Co-Authored-By: Claude Opus 4.8 (1M context) <noreply@anthropic.com>
Signed-off-by: Christian Brabandt <cb@256bit.org>
---

diff --git a/src/testdir/test_textprop2.vim b/src/testdir/test_textprop2.vim
index 48387d1c04..fdebf794af 100644
--- a/src/testdir/test_textprop2.vim
+++ b/src/testdir/test_textprop2.vim
@@ -479,8 +479,9 @@ func Test_textprop_undo_bad_prop_count()
   call prop_type_add('Xtp', {})
   call prop_add(2, 1, {'type': 'Xtp', 'length': 1})
 
-  " this caused OOB read, now it triggers internal error
-  call assert_fails('call prop_list(1)', ['E340:', 'corrupted'])
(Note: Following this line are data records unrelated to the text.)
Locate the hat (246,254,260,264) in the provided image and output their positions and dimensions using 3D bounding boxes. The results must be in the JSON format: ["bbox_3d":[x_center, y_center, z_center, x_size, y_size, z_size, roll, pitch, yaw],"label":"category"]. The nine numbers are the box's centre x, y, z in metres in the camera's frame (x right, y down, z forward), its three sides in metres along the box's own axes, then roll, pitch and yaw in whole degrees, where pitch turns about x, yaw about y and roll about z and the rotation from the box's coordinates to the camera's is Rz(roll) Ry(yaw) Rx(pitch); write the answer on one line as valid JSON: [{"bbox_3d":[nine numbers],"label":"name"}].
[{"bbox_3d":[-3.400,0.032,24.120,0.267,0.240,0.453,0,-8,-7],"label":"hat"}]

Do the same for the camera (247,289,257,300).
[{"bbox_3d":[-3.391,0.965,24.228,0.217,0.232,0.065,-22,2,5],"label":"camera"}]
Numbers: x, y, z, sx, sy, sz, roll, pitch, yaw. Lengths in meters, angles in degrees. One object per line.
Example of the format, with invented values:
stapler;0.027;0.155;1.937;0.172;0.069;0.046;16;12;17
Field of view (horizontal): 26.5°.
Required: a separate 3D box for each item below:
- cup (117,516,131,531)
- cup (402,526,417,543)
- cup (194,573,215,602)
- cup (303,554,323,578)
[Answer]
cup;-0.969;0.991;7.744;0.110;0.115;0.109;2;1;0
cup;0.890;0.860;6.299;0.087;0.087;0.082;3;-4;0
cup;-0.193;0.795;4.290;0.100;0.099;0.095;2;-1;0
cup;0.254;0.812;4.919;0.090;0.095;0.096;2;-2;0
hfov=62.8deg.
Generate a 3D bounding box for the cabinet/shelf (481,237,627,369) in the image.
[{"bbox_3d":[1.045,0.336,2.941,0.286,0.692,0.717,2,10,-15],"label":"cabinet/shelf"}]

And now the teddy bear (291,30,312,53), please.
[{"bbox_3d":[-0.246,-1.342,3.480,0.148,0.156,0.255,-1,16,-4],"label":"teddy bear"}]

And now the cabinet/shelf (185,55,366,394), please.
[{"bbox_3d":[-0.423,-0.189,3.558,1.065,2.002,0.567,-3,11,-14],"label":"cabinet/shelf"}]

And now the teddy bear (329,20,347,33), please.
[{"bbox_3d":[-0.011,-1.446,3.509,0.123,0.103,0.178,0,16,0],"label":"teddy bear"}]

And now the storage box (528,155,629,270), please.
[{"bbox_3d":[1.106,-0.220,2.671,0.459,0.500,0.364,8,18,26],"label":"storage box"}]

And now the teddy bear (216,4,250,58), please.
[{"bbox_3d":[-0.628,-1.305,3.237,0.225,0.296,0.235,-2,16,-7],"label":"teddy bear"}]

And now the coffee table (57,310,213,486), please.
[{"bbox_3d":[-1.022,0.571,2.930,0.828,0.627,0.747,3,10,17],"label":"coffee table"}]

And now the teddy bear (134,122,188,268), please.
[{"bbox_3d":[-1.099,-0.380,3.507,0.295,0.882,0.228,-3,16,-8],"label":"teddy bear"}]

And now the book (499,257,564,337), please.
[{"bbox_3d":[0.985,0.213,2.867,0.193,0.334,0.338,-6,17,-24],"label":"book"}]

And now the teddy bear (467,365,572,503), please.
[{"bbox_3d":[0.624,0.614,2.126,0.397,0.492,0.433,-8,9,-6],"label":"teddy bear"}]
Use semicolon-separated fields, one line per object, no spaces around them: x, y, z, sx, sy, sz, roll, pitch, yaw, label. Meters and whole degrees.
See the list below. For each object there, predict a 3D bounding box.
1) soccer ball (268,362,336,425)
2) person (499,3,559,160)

+  " this caused OOB read, now it is rejected as a corrupted (untrusted) undo
+  " file with a catchable error instead of an internal error
+  call assert_fails('call prop_list(1)', 'E967:')
 
   call prop_type_delete('Xtp')
   bwipe!
diff --git a/src/textprop.c b/src/textprop.c
index 858d8dbcec..e13e44b946 100644
--- a/src/textprop.c
+++ b/src/textprop.c
@@ -99,7 +99,7 @@ um_goto_line(unpacked_memline_T *um, linenr_T lnum, int extra_props)
     // New format: [prop_count (uint16)][textprop_T...][vtext...]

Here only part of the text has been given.